Streaming and Retry Behavior

Request-side Guardian Agent checks run before upstream calls for both streaming and non-streaming requests.

For non-streaming responses, dependency findings trigger one retry with Guardian dependency instructions. If the retry still contains dependency advisories, the gateway appends a Guardian note to the final response. Vulnerability advisories suppress latest-version advisories for the same response.

For streaming requests with dependency checks enabled, the gateway first sends a hidden non-streaming upstream request to inspect a full draft response. If no dependency findings are found, the gateway streams that draft back to the client as provider-shaped SSE. If Guardian Agent finds vulnerabilities or update advisories, the gateway adds corrective instructions and sends a second streaming upstream request, then streams the second response to the client.

Other response-side Guardian Agent checks are skipped for normal streaming passthrough.

Endpoint Coverage

Guardian Agent is implemented on these LLM Gateway surfaces:

SurfaceRequest-side checksResponse-side dependency checks
OpenAI-compatible chat completionsYesYes
OpenAI Responses APIYesYes
Anthropic MessagesYesYes
Vertex AI GeminiYesYes

OpenAI-compatible chat includes Bedrock chat models reached through the gateway's Bedrock Converse translation.

Configuration

Guardian Agent is configured per LLM Gateway API key under guardian_agent:

{
"guardian_agent": {
"enabled": true,
"coding_helpers": {
"enabled": true,
"dependency_security_check": true,
"latest_version_suggestions": true
},
"task_adherence": {
"enabled": true,
"sensitivity": "low",
"action": "nudge"
}
}
}
FieldDescription
guardian_agent.enabledEnables or disables Guardian Agent for the key.
coding_helpers.enabledEnables dependency-related request instructions and response review.
coding_helpers.dependency_security_checkChecks exact dependency pins and resolved bare installs for known OSV vulnerabilities.
coding_helpers.latest_version_suggestionsSuggests newer versions for exact pins where registry latest-version checks are supported.
task_adherence.enabledEnables relevance checks between the latest user message and the system prompt.
task_adherence.sensitivityMust be low, medium, or high.
task_adherence.actionMust be nudge or block. If omitted, the action defaults to nudge.

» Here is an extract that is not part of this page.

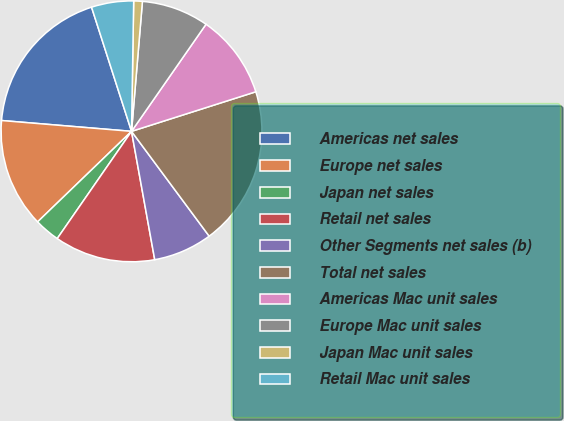Convert chart to OTSL. <chart><loc_0><loc_0><loc_500><loc_500><pie_chart><fcel>Americas net sales<fcel>Europe net sales<fcel>Japan net sales<fcel>Retail net sales<fcel>Other Segments net sales (b)<fcel>Total net sales<fcel>Americas Mac unit sales<fcel>Europe Mac unit sales<fcel>Japan Mac unit sales<fcel>Retail Mac unit sales<nl><fcel>18.72%<fcel>13.53%<fcel>3.15%<fcel>12.49%<fcel>7.3%<fcel>19.76%<fcel>10.42%<fcel>8.34%<fcel>1.07%<fcel>5.22%<nl></chart>

task_adherence.agent_purpose may still appear in older configurations, but the live task-adherence check uses the request system prompt.

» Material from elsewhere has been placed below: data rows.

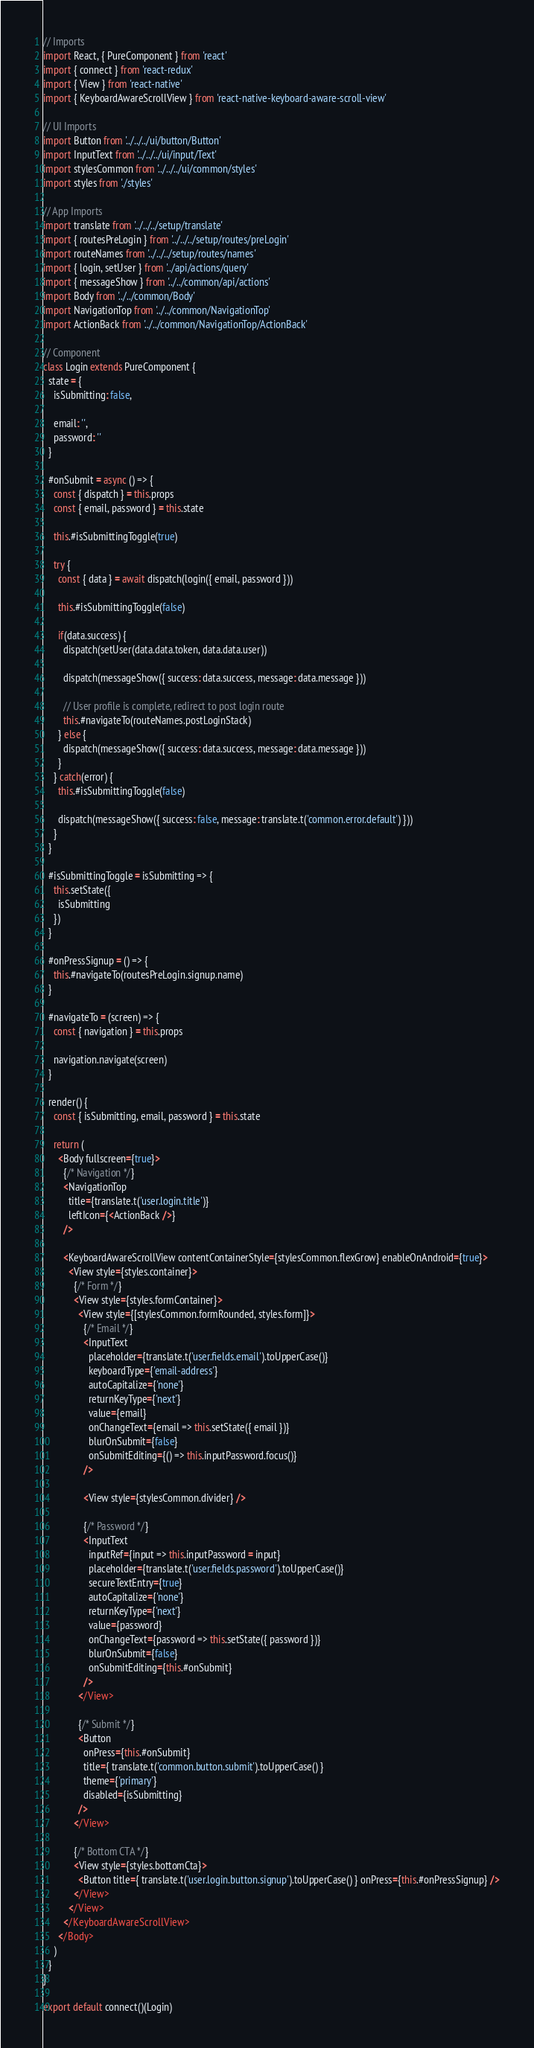<code> <loc_0><loc_0><loc_500><loc_500><_JavaScript_>// Imports
import React, { PureComponent } from 'react'
import { connect } from 'react-redux'
import { View } from 'react-native'
import { KeyboardAwareScrollView } from 'react-native-keyboard-aware-scroll-view'

// UI Imports
import Button from '../../../ui/button/Button'
import InputText from '../../../ui/input/Text'
import stylesCommon from '../../../ui/common/styles'
import styles from './styles'

// App Imports
import translate from '../../../setup/translate'
import { routesPreLogin } from '../../../setup/routes/preLogin'
import routeNames from '../../../setup/routes/names'
import { login, setUser } from '../api/actions/query'
import { messageShow } from '../../common/api/actions'
import Body from '../../common/Body'
import NavigationTop from '../../common/NavigationTop'
import ActionBack from '../../common/NavigationTop/ActionBack'

// Component
class Login extends PureComponent {
  state = {
    isSubmitting: false,

    email: '',
    password: ''
  }

  #onSubmit = async () => {
    const { dispatch } = this.props
    const { email, password } = this.state

    this.#isSubmittingToggle(true)

    try {
      const { data } = await dispatch(login({ email, password }))

      this.#isSubmittingToggle(false)

      if(data.success) {
        dispatch(setUser(data.data.token, data.data.user))

        dispatch(messageShow({ success: data.success, message: data.message }))

        // User profile is complete, redirect to post login route
        this.#navigateTo(routeNames.postLoginStack)
      } else {
        dispatch(messageShow({ success: data.success, message: data.message }))
      }
    } catch(error) {
      this.#isSubmittingToggle(false)

      dispatch(messageShow({ success: false, message: translate.t('common.error.default') }))
    }
  }

  #isSubmittingToggle = isSubmitting => {
    this.setState({
      isSubmitting
    })
  }

  #onPressSignup = () => {
    this.#navigateTo(routesPreLogin.signup.name)
  }

  #navigateTo = (screen) => {
    const { navigation } = this.props

    navigation.navigate(screen)
  }

  render() {
    const { isSubmitting, email, password } = this.state

    return (
      <Body fullscreen={true}>
        {/* Navigation */}
        <NavigationTop
          title={translate.t('user.login.title')}
          leftIcon={<ActionBack />}
        />

        <KeyboardAwareScrollView contentContainerStyle={stylesCommon.flexGrow} enableOnAndroid={true}>
          <View style={styles.container}>
            {/* Form */}
            <View style={styles.formContainer}>
              <View style={[stylesCommon.formRounded, styles.form]}>
                {/* Email */}
                <InputText
                  placeholder={translate.t('user.fields.email').toUpperCase()}
                  keyboardType={'email-address'}
                  autoCapitalize={'none'}
                  returnKeyType={'next'}
                  value={email}
                  onChangeText={email => this.setState({ email })}
                  blurOnSubmit={false}
                  onSubmitEditing={() => this.inputPassword.focus()}
                />

                <View style={stylesCommon.divider} />

                {/* Password */}
                <InputText
                  inputRef={input => this.inputPassword = input}
                  placeholder={translate.t('user.fields.password').toUpperCase()}
                  secureTextEntry={true}
                  autoCapitalize={'none'}
                  returnKeyType={'next'}
                  value={password}
                  onChangeText={password => this.setState({ password })}
                  blurOnSubmit={false}
                  onSubmitEditing={this.#onSubmit}
                />
              </View>

              {/* Submit */}
              <Button
                onPress={this.#onSubmit}
                title={ translate.t('common.button.submit').toUpperCase() }
                theme={'primary'}
                disabled={isSubmitting}
              />
            </View>

            {/* Bottom CTA */}
            <View style={styles.bottomCta}>
              <Button title={ translate.t('user.login.button.signup').toUpperCase() } onPress={this.#onPressSignup} />
            </View>
          </View>
        </KeyboardAwareScrollView>
      </Body>
    )
  }
}

export default connect()(Login)
</code> 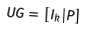Convert formula to latex. <formula><loc_0><loc_0><loc_500><loc_500>U G = [ I _ { k } | P ]</formula>

On API key create or update, pass guardian_agent as a top-level config field. On key create, it can also be nested inside quilr_api_key_settings. Setting guardian_agent to null on update removes the Guardian Agent configuration from that key.

Logging

Guardian Agent findings are logged with the same prediction shape used by guardrails:

  • type: classify
  • match_type: guardian
  • id: guardian_task_adherence, guardian_coding_dependency_security_review, or guardian_coding_latest_version_review

Guardian categories are also written to metadata.extra_data.guardian_agent.request and metadata.extra_data.guardian_agent.response in exported logs. Nudge and monitor findings appear under actions_and_categories.request.monitored or actions_and_categories.response.monitored. Blocked task-adherence findings appear under actions_and_categories.request.blocked.

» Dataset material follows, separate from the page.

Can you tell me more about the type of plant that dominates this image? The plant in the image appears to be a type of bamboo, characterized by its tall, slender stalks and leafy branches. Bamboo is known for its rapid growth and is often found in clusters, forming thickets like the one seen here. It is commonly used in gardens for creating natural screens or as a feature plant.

If Guardian Agent finds something and nothing was blocked or anonymized, the request outcome becomes monitor_detected. If task adherence is configured with block and the latest user message is classified as unrelated, the request outcome becomes blocked and the upstream model is not called.

Current Limits

  • Dependency extraction is best-effort and can miss unusual manifest shapes.
  • Range specs are not checked for OSV vulnerabilities or latest-version suggestions.
  • Vulnerable dependency output is not hard-blocked today. The current behavior is monitor plus retry, with an appended advisory as fallback.
  • Task adherence checks only the latest user message.
  • Task adherence requires a system prompt. No system prompt means no task-adherence check.
  • Dependency and task-adherence network checks fail open on transient errors.
  • Response-side task adherence is not implemented.
  • Streaming response-side checks are only implemented for dependency security and latest-version coding helpers.